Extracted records

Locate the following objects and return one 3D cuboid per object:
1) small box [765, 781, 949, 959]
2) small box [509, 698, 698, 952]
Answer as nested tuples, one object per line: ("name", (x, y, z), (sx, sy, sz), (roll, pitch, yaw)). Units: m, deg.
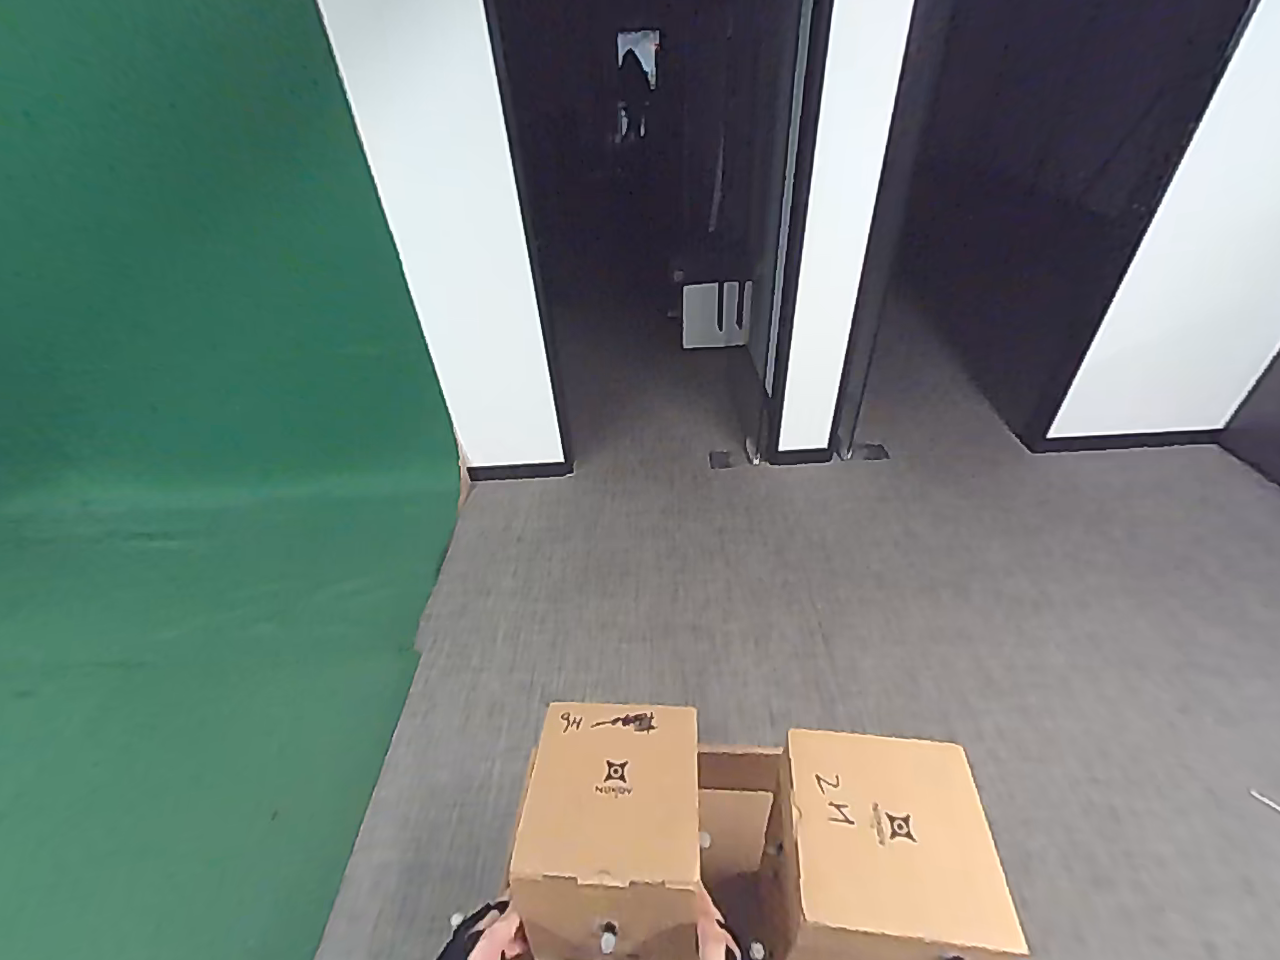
("small box", (0.244, 0.498, 0.655), (0.168, 0.176, 0.179), (1, 41, 8))
("small box", (-0.023, 0.359, 0.571), (0.168, 0.176, 0.179), (0, 32, 5))
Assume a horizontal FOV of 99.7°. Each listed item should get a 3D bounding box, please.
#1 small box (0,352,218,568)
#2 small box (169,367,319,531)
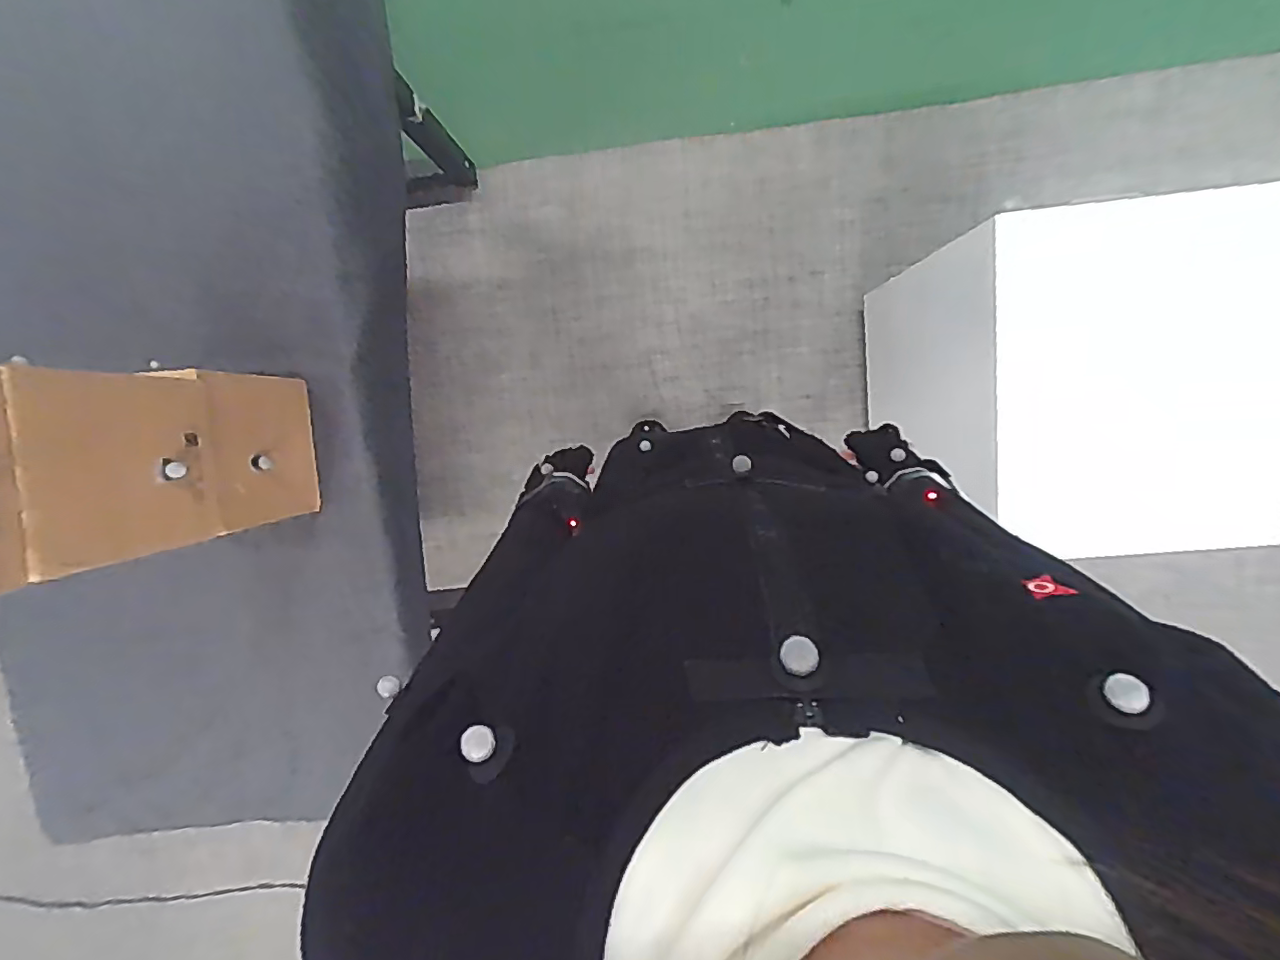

What you will do » Now transcribe all the entries above exactly, so that no picture is carried over.

Completed exercise »
Locate the following objects and return one 3D cuboid per object:
1) small box [765, 781, 949, 959]
2) small box [509, 698, 698, 952]
Answer as nested tuples, one object per line: ("name", (x, y, z), (sx, sy, sz), (roll, pitch, yaw)). Units: m, deg.
("small box", (0.244, 0.498, 0.655), (0.168, 0.176, 0.179), (1, 41, 8))
("small box", (-0.023, 0.359, 0.571), (0.168, 0.176, 0.179), (0, 32, 5))
Assume a horizontal FOV of 99.7°. Each listed item should get a 3D bounding box, please.
#1 small box (0,352,218,568)
#2 small box (169,367,319,531)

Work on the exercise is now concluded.